[Recorded data]
╭──

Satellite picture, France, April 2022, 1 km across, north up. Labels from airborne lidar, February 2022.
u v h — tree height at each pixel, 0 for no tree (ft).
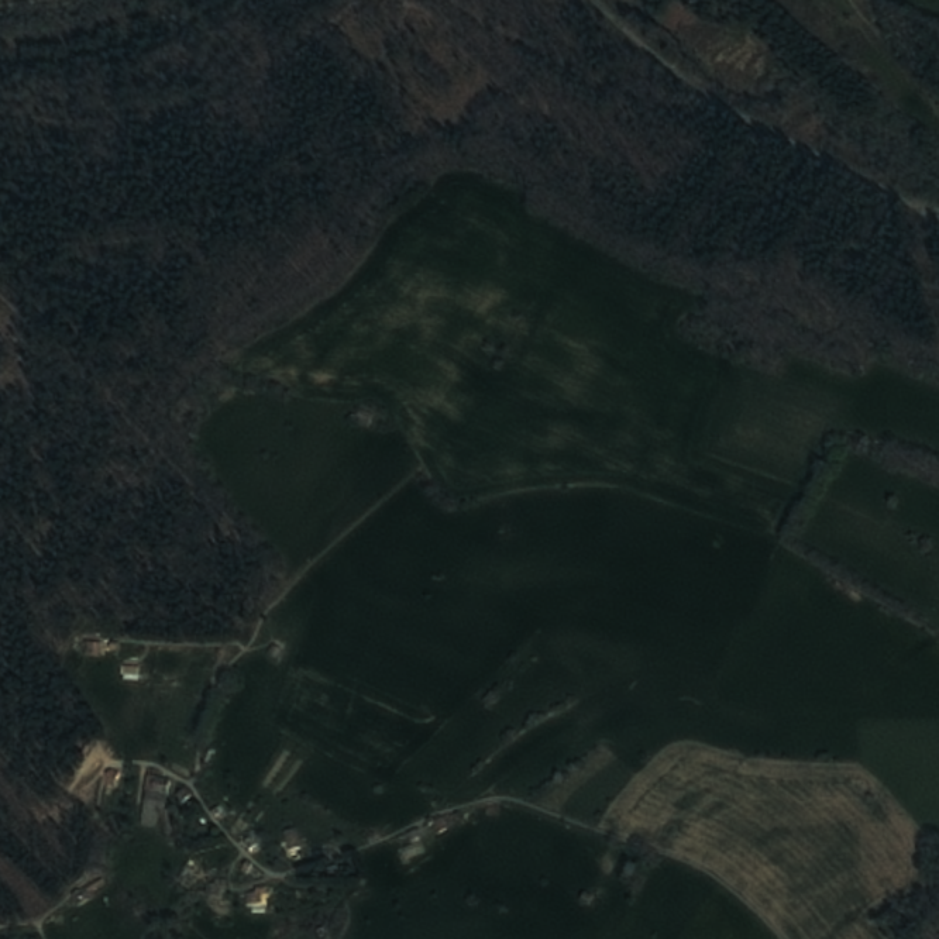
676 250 94
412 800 0
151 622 72
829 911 0
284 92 78
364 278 0
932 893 40
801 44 84
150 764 0
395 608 0
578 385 0
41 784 62
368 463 0
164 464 93
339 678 0
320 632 0
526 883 0
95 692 0
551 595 0
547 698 0
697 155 94
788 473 0
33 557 88
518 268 0
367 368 0
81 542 95
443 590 0
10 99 101
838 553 0
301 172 79
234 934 0
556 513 0
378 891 0
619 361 0
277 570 89
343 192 96
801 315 105
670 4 79
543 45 83
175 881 76
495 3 88
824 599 0
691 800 0
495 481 0
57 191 103
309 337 0
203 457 70
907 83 0
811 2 0
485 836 0
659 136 123
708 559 0
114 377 109
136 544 108
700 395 0
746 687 0
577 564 0
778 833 0
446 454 0
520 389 0
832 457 72
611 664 0
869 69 0
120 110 93
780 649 0
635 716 0
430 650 0
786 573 0
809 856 0
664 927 0
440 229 0
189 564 87
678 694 0
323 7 87
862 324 107
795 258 77
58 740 84
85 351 99
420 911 0
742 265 95
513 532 0
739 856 0
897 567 0
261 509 0
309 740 0
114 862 54
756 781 0
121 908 0
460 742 0
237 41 102
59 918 0
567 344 0
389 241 0
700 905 0
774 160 98
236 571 104
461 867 0
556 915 0
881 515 0
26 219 102
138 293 103
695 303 0
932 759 0
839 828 0
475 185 0
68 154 83
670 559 0
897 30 103
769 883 0
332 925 26
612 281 0
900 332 92
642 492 0
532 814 0
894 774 0
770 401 0
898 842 0
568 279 0
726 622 0
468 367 0
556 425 0
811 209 86
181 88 101
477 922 0
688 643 0
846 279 99
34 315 104
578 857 0
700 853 0
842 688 0
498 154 97
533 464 0
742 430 0
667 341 0
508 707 0
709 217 93
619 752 0
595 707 0
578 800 0
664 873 0
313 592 0
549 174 94
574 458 0
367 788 0
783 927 0
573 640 0
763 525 0
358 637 0
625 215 96
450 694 0
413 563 0
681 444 0
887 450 73
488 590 0
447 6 82
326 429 0
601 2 0
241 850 0
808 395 0
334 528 0
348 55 78
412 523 0
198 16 48
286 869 0
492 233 0
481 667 0
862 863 0
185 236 83
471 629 0
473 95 0
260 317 98
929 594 0
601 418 0
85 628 0
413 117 69
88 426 86
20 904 81
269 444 0
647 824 0
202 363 76
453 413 0
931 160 79
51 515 97
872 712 0
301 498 0
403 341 0
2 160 92
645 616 0
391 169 88
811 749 0
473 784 0
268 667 0
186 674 0
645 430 0
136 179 91
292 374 0
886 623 0
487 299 0
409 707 0
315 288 90
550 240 0
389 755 0
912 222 44
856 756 0
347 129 75
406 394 0
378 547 0
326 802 0
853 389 0
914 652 0
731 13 33
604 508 0
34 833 57
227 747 0
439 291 0
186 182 110
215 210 98
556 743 0
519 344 0
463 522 0
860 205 93
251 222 77
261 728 0
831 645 0
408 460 0
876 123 44
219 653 0
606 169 92
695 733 0
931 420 0
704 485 0
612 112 97
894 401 0
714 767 0
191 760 0
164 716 0
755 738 0
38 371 101

╰──

[Assignment]
Write the data above out exactly. Leave out any pictures.

[Task result]
Satellite picture, France, April 2022, 1 km across, north up. Labels from airborne lidar, February 2022.
u v h — tree height at each pixel, 0 for no tree (ft).
676 250 94
412 800 0
151 622 72
829 911 0
284 92 78
364 278 0
932 893 40
801 44 84
150 764 0
395 608 0
578 385 0
41 784 62
368 463 0
164 464 93
339 678 0
320 632 0
526 883 0
95 692 0
551 595 0
547 698 0
697 155 94
788 473 0
33 557 88
518 268 0
367 368 0
81 542 95
443 590 0
10 99 101
838 553 0
301 172 79
234 934 0
556 513 0
378 891 0
619 361 0
277 570 89
343 192 96
801 315 105
670 4 79
543 45 83
175 881 76
495 3 88
824 599 0
691 800 0
495 481 0
57 191 103
309 337 0
203 457 70
907 83 0
811 2 0
485 836 0
659 136 123
708 559 0
114 377 109
136 544 108
700 395 0
746 687 0
577 564 0
778 833 0
446 454 0
520 389 0
832 457 72
611 664 0
869 69 0
120 110 93
780 649 0
635 716 0
430 650 0
786 573 0
809 856 0
664 927 0
440 229 0
189 564 87
678 694 0
323 7 87
862 324 107
795 258 77
58 740 84
85 351 99
420 911 0
742 265 95
513 532 0
739 856 0
897 567 0
261 509 0
309 740 0
114 862 54
756 781 0
121 908 0
460 742 0
237 41 102
59 918 0
567 344 0
389 241 0
700 905 0
774 160 98
236 571 104
461 867 0
556 915 0
881 515 0
26 219 102
138 293 103
695 303 0
932 759 0
839 828 0
475 185 0
68 154 83
670 559 0
897 30 103
769 883 0
332 925 26
612 281 0
900 332 92
642 492 0
532 814 0
894 774 0
770 401 0
898 842 0
568 279 0
726 622 0
468 367 0
556 425 0
811 209 86
181 88 101
477 922 0
688 643 0
846 279 99
34 315 104
578 857 0
700 853 0
842 688 0
498 154 97
533 464 0
742 430 0
667 341 0
508 707 0
709 217 93
619 752 0
595 707 0
578 800 0
664 873 0
313 592 0
549 174 94
574 458 0
367 788 0
783 927 0
573 640 0
763 525 0
358 637 0
625 215 96
450 694 0
413 563 0
681 444 0
887 450 73
488 590 0
447 6 82
326 429 0
601 2 0
241 850 0
808 395 0
334 528 0
348 55 78
412 523 0
198 16 48
286 869 0
492 233 0
481 667 0
862 863 0
185 236 83
471 629 0
473 95 0
260 317 98
929 594 0
601 418 0
85 628 0
413 117 69
88 426 86
20 904 81
269 444 0
647 824 0
202 363 76
453 413 0
931 160 79
51 515 97
872 712 0
301 498 0
403 341 0
2 160 92
645 616 0
391 169 88
811 749 0
473 784 0
268 667 0
186 674 0
645 430 0
136 179 91
292 374 0
886 623 0
487 299 0
409 707 0
315 288 90
550 240 0
389 755 0
912 222 44
856 756 0
347 129 75
406 394 0
378 547 0
326 802 0
853 389 0
914 652 0
731 13 33
604 508 0
34 833 57
227 747 0
439 291 0
186 182 110
215 210 98
556 743 0
519 344 0
463 522 0
860 205 93
251 222 77
261 728 0
831 645 0
408 460 0
876 123 44
219 653 0
606 169 92
695 733 0
931 420 0
704 485 0
612 112 97
894 401 0
714 767 0
191 760 0
164 716 0
755 738 0
38 371 101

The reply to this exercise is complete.